Desséchez bien votre panade.

On appelle ainsi la boule farine+beurre+eau, qu’il va falloir sécher au feu avant l’ajout des oeufs. Elle est prète dès qu’elle commence à attacher dans le fond de la casserole (une fine pellicule se forme), pas avant. Si elle n’est pas assez sèche, les choux seront mous et léveront moins bien.

N’hésitez pas a portionnez vos oeufs.

Toutes les bonnes recettes de pâtes à choux doivent vous alerter : la quantité d’oeufs nécessaire peut varier. Pour atteindre la texture voulue, sans trop ramollir la pâte, il faut parfois rajouter un demi, voire un quart d’oeuf. C’est typiquement la raison pour laquelle notre pâte d’hier était trop dense : pas assez d’oeufs, mais un oeuf de plus aurait été de trop. Comme il n’est cependant pas commode de couper les oeufs en quatre (on a essayé, on vous garantit, c’est PAS commode), la petite astuce consiste à battre légèrement vos oeufs en omelette avant de les ajouter petit à petit. Ils sont ainsi beaucoup plus faciles à doser.

 

Mouillez vos doigts pour donner une jolie forme à vos choux.

La pâte à choux étant particulièrement dense, elle forme parfois des pics lors du dressage à la poche. Pour lisser les choux, passez-leur dessus un doigt que vous aurez trempé dans l’eau, pour former la boule sans coller à la pâte.

 

Restez modestes.

Ceci concerne en particulier les choux destinés à devenir religieuses. Gardez bien à l’esprit que nos amis pâtissiers professionnels disposent de fours ventilés de haute qualité, qui leur permettent de gérer le gonflement et le séchage des choux de manière bien plus optimale que dans la plupart des fours domestiques (même ventilés eux mêmes). Ne formez donc pas de trop gros choux, de peur de les voir se dégonfler irrémédiablement à la sortie du four.

 

Ouvrez-la à bonne escient (la porte du four).

Il y a deux phases bien distinctes dans la vie d’un chou en cuisson : la levée, puis le séchage.
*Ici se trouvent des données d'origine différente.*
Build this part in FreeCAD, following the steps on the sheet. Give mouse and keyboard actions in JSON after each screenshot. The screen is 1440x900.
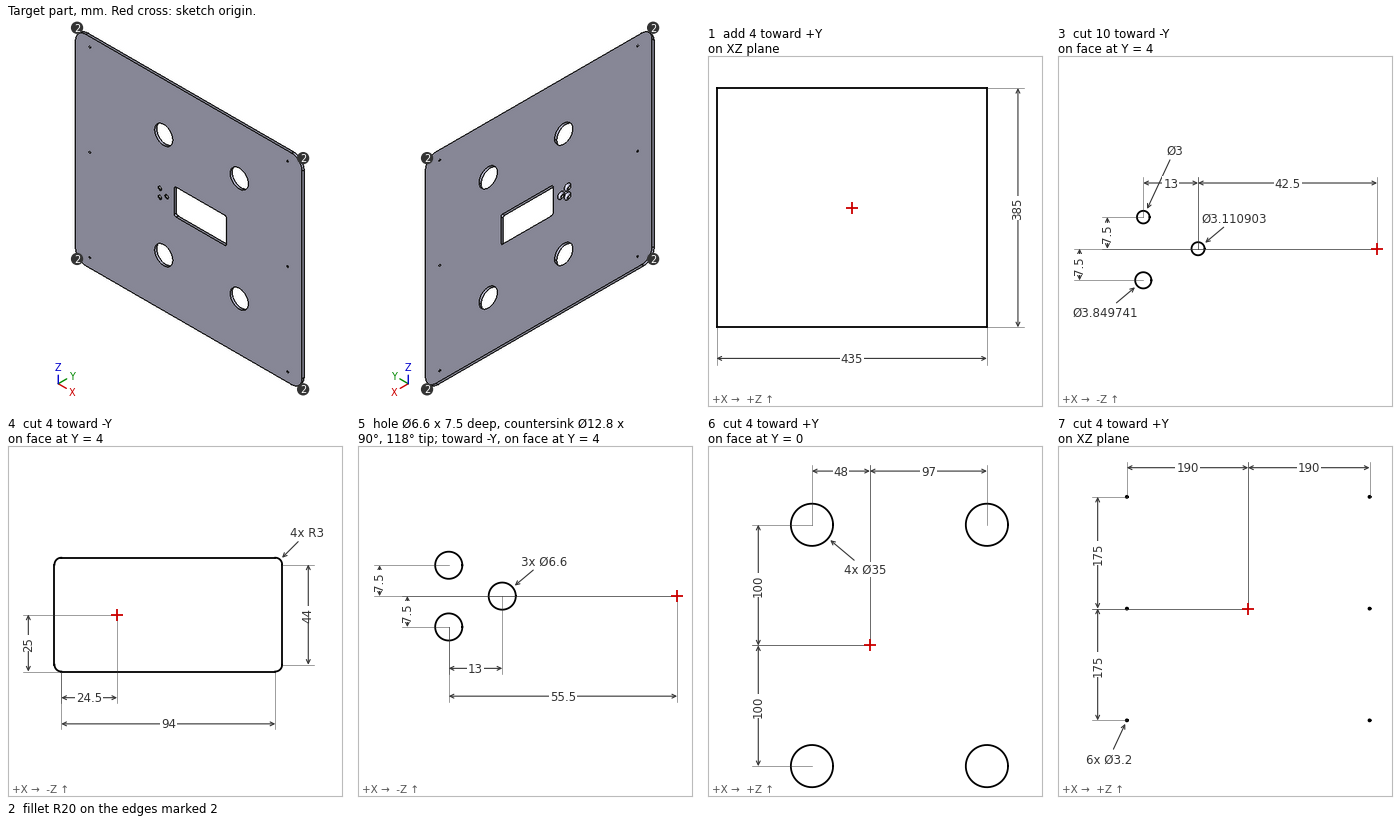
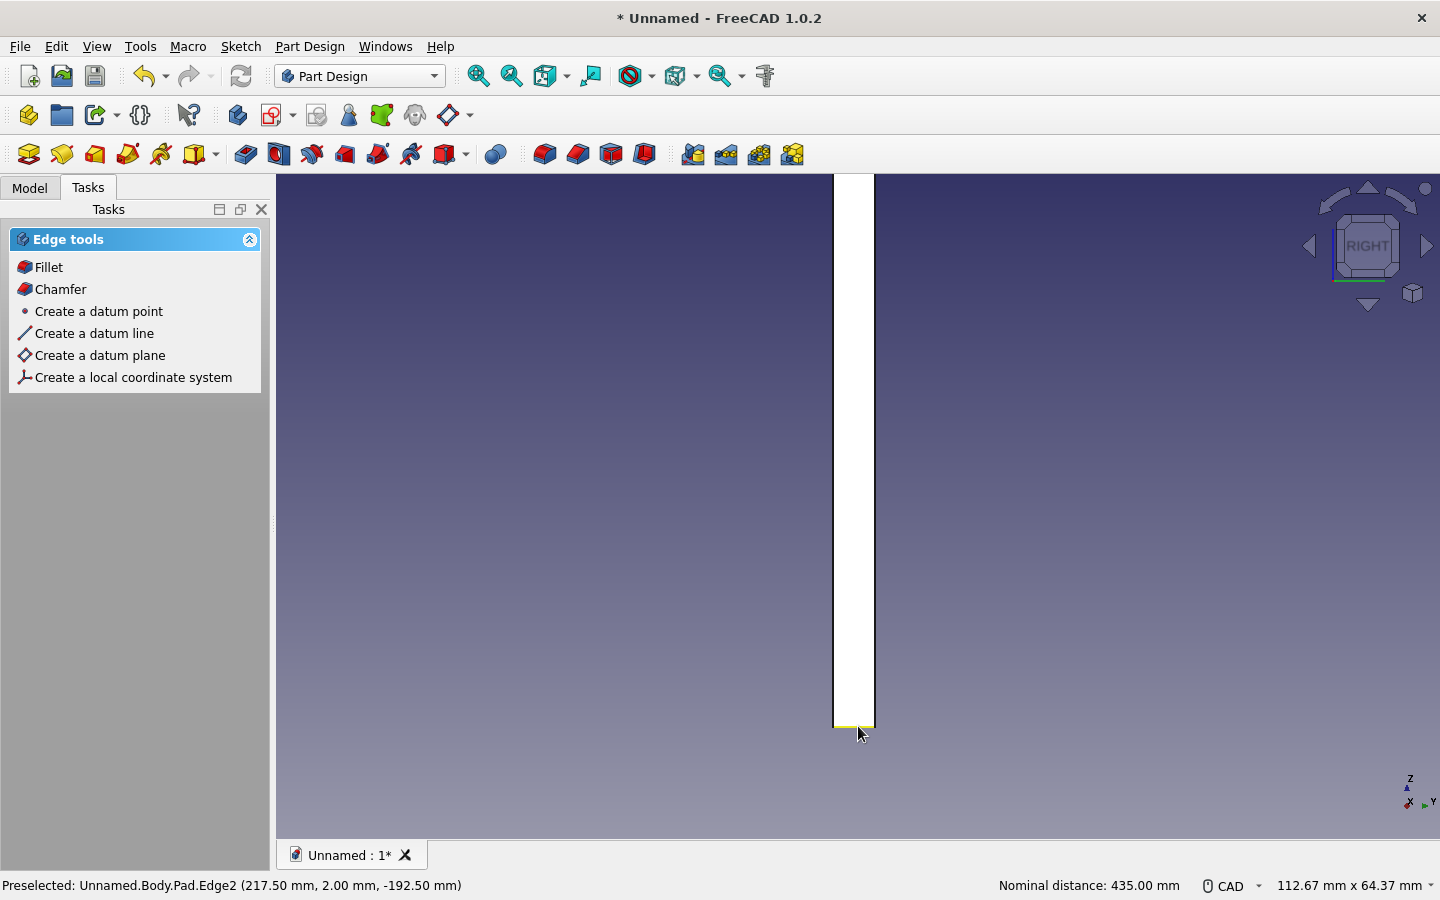
{"action": "left_click", "coordinate": [854, 726], "text": "ctrl"}
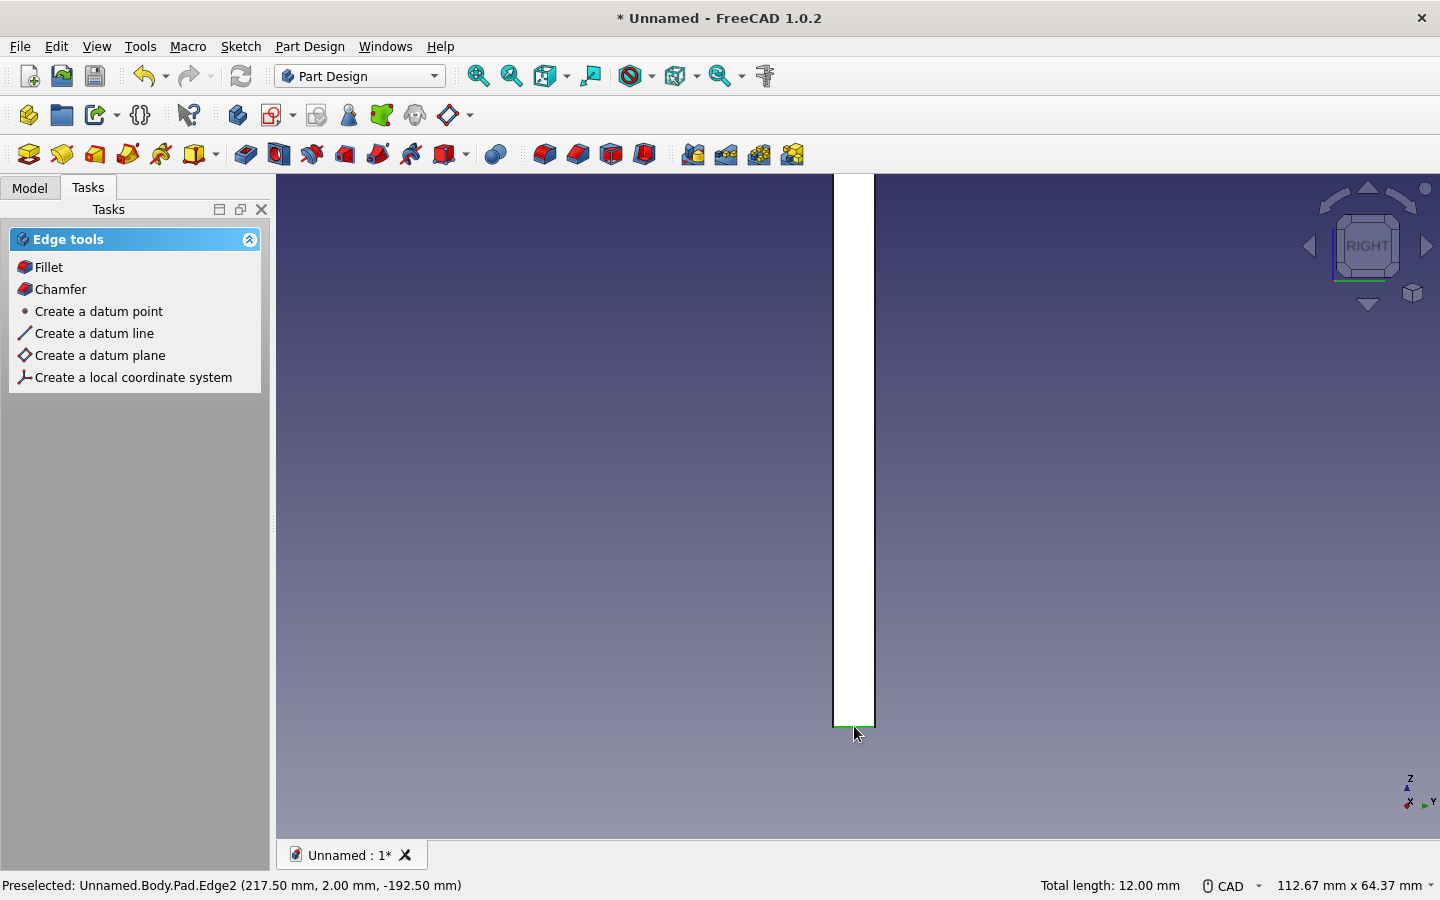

Pendant la première phase, évitez tant que possible d’ouvrir le four. Il faut garder à l’intérieur une chaleur vive qui fera évaporer l’eau contenue dans la pâte et assurer le gonflement. A ce stade, la croûte n’étant pas encore formée, le chou ne pourra pas rester gonflé si la température baisse.
Par contre, en fin de cuisson, lorsque vous constatez que vos choux bien gonflés prennent une couleur dorée et que la croûte se forme, n’hésitez pas à entrouvrir le four ou à le ventiler afin de laisser l’humidité s’échapper et de sécher votre pâte. Elle sera ainsi assez solide pour ne pas dégonfler en sortant au froid.